## TASK DIRECTIONS
If an entry contains a picture, omit that picture and transcribe everything else exactly.
------------------------------------------------
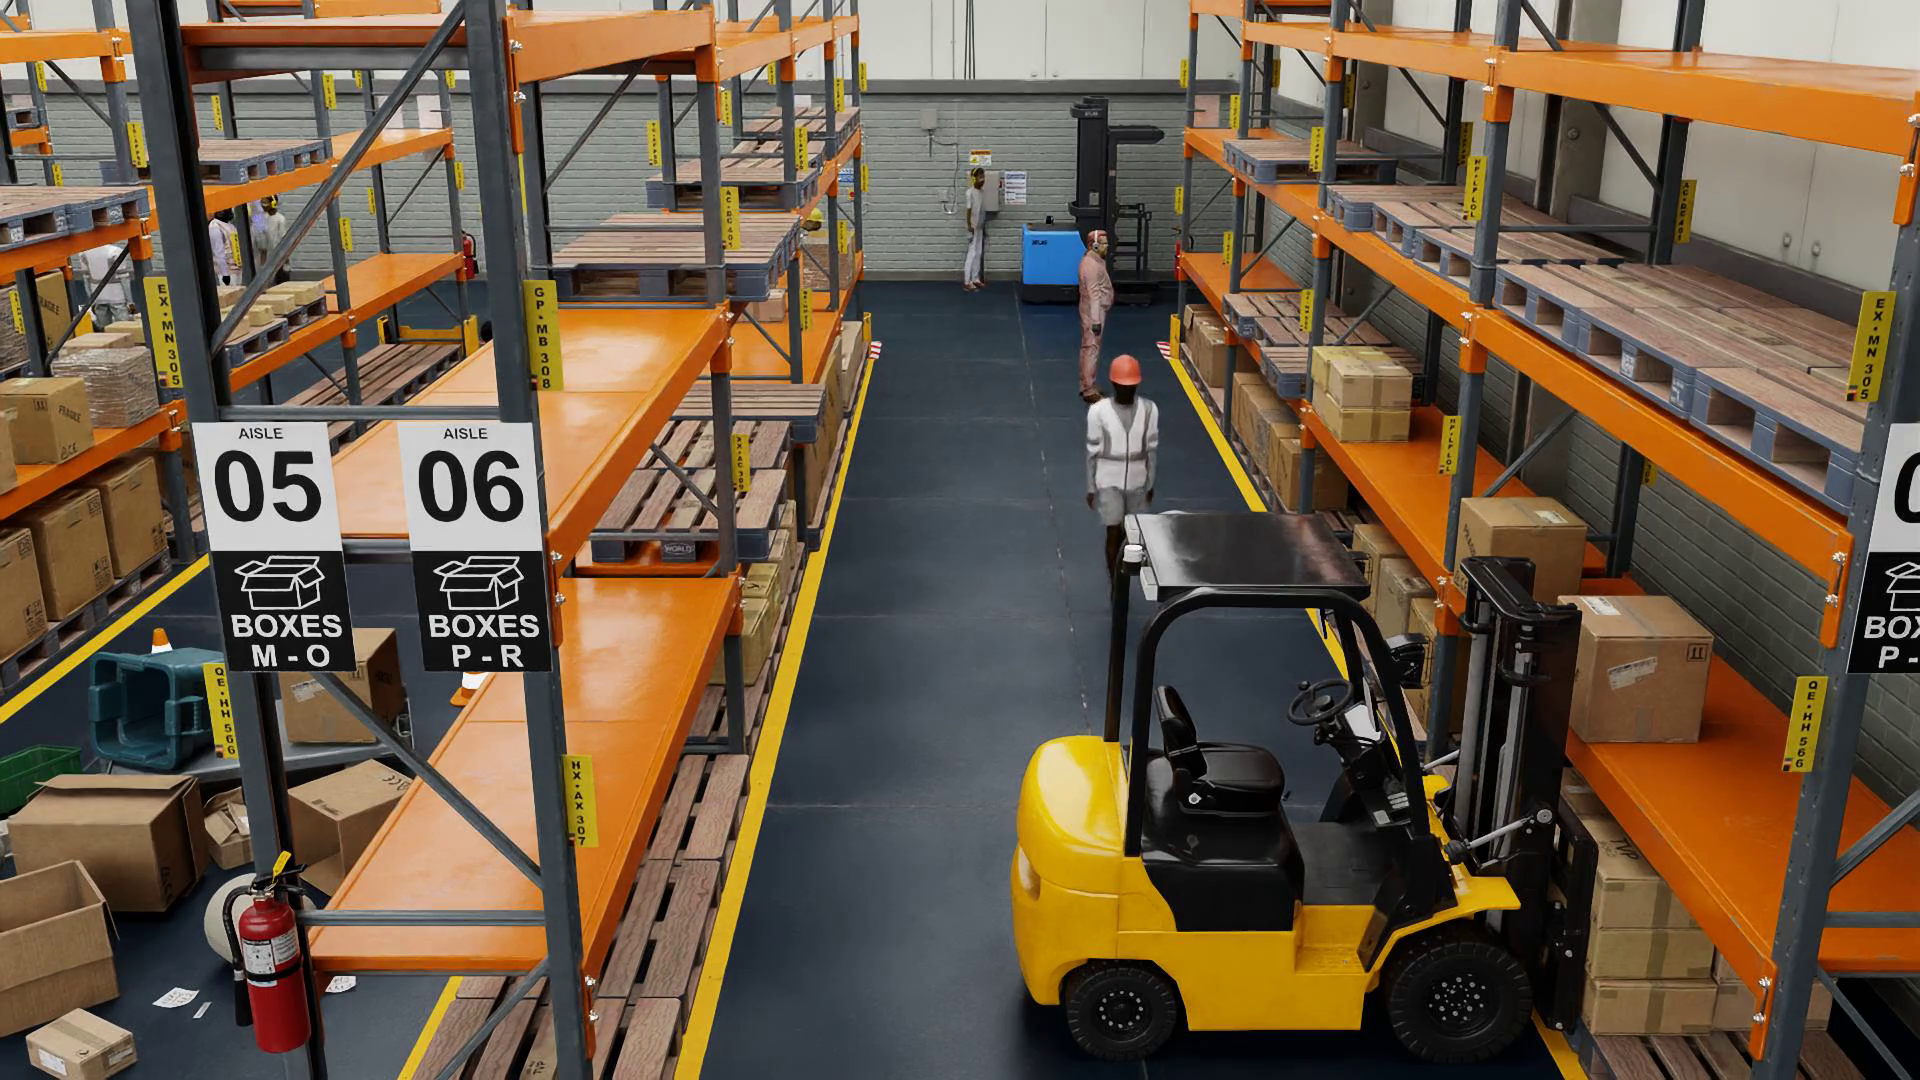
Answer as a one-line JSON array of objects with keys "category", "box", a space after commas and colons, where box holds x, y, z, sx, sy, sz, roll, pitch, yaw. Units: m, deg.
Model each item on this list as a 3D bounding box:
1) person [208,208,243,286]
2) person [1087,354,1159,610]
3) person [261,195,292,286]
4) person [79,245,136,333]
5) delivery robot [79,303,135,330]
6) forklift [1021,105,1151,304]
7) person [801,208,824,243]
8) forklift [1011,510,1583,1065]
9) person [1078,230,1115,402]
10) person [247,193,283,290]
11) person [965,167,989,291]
------------------------------------------------
## ANSWER SPACE
Answer as a one-line JSON array of objects with keys "category", "box", a space after commas and colons, where box holds x, y, z, sx, sy, sz, roll, pitch, yaw. Units: m, deg.
Model each item on this list as a 3D bounding box:
1) person [208,208,243,286]
2) person [1087,354,1159,610]
3) person [261,195,292,286]
4) person [79,245,136,333]
5) delivery robot [79,303,135,330]
6) forklift [1021,105,1151,304]
7) person [801,208,824,243]
8) forklift [1011,510,1583,1065]
9) person [1078,230,1115,402]
10) person [247,193,283,290]
11) person [965,167,989,291]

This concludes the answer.